_PROBLEM TO WORK ON_. Report back the lines in this listing that carry the string "listed".

_EXERCISE INPUT_.
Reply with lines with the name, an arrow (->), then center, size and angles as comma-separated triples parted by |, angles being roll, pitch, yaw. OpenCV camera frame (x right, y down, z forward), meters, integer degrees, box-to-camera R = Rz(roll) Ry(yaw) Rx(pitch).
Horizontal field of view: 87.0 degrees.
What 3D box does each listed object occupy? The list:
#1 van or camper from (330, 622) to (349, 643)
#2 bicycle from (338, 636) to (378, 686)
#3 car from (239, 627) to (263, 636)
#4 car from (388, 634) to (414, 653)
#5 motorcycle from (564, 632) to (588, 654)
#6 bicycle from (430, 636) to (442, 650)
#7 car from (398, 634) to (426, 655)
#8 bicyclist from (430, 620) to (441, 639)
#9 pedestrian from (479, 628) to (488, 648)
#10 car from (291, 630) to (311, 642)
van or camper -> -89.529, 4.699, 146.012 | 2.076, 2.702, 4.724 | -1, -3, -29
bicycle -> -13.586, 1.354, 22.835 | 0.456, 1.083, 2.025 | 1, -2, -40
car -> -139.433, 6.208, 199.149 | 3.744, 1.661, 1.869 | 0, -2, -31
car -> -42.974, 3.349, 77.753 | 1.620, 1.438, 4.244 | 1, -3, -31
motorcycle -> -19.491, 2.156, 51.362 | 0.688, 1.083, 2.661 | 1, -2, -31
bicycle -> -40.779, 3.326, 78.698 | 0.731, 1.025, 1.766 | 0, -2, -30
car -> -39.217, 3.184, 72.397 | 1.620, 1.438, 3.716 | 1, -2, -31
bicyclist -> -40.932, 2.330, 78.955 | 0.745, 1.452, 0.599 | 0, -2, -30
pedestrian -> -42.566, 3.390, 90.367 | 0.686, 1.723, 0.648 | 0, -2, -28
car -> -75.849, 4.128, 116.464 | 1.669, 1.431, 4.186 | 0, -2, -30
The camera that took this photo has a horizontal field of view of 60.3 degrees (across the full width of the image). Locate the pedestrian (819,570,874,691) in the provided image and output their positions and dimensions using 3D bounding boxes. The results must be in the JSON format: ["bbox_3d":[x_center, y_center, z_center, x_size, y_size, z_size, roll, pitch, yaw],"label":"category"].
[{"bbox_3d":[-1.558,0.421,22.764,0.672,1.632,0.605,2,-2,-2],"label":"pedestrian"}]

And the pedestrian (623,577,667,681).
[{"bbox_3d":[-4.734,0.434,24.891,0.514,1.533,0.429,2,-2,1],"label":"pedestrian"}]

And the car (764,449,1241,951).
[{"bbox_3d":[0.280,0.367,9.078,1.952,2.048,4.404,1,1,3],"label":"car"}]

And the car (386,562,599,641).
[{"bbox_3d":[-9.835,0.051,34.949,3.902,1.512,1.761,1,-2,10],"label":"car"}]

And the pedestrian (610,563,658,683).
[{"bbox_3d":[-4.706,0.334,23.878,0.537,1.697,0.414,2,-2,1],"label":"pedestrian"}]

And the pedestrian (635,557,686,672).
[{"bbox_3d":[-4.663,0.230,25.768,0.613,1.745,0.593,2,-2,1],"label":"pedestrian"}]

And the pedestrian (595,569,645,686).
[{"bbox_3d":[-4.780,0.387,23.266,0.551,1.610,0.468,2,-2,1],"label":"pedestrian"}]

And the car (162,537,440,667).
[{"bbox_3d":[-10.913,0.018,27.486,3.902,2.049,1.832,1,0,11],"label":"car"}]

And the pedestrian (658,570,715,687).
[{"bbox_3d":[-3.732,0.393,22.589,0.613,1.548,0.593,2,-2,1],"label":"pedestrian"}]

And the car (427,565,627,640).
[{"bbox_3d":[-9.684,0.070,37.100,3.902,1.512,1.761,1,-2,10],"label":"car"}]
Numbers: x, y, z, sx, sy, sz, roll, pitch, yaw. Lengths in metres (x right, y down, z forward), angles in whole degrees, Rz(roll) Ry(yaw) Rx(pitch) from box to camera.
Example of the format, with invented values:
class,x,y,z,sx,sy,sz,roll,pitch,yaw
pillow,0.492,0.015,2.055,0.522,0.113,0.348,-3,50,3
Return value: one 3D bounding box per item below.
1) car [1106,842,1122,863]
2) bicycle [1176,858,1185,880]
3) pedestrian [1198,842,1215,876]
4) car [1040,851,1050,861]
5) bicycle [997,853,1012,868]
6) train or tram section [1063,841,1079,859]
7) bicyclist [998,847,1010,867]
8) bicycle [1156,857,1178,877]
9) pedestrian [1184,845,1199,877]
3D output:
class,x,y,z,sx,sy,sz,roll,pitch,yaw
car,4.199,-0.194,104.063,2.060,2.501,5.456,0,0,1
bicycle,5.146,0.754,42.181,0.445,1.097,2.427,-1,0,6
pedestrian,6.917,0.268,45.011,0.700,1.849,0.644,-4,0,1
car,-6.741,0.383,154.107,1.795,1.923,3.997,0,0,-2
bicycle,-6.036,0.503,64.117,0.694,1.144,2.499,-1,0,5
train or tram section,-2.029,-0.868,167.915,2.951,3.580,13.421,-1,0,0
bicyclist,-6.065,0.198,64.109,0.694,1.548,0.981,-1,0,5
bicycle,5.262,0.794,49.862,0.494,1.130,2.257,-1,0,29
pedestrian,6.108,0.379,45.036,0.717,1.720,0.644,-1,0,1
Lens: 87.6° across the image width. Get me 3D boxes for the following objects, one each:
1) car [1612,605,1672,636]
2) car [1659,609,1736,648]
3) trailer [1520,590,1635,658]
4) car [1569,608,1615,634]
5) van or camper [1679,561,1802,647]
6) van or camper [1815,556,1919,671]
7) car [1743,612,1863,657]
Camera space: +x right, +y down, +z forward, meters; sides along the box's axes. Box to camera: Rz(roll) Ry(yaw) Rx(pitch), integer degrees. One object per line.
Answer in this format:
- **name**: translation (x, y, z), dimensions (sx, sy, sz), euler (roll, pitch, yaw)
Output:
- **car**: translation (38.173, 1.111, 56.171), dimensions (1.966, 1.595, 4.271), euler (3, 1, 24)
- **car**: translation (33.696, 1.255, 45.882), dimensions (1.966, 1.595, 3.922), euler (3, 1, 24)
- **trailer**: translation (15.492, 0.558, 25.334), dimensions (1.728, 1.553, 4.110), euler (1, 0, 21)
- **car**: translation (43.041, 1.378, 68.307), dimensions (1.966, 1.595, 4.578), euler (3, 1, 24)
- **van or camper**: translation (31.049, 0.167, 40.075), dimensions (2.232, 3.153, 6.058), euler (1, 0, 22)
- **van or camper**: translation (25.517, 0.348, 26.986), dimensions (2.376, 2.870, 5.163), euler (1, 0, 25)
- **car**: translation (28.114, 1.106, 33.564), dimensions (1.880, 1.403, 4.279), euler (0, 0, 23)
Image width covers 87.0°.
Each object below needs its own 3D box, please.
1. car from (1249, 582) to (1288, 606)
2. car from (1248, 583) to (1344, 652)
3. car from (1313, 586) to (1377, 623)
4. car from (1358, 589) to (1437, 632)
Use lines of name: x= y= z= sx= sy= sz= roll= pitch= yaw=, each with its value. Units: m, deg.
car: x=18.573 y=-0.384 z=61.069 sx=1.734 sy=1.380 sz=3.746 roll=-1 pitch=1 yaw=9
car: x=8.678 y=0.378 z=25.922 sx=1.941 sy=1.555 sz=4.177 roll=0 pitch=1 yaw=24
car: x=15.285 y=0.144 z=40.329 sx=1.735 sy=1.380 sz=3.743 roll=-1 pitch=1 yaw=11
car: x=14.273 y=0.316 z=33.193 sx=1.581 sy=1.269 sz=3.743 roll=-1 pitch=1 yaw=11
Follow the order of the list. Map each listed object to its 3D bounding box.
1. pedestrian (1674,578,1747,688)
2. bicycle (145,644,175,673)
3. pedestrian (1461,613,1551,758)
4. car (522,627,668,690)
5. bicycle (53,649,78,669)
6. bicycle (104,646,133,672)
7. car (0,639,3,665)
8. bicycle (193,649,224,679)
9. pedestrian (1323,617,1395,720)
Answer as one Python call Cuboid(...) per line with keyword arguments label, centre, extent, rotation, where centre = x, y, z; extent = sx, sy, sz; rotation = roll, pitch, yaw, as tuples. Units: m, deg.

_RESPONSE FOR THIS EXERCISE_.
What 3D box does each listed object occupy? The list:
Follow the order of the list. Map each listed object to its 3D bounding box.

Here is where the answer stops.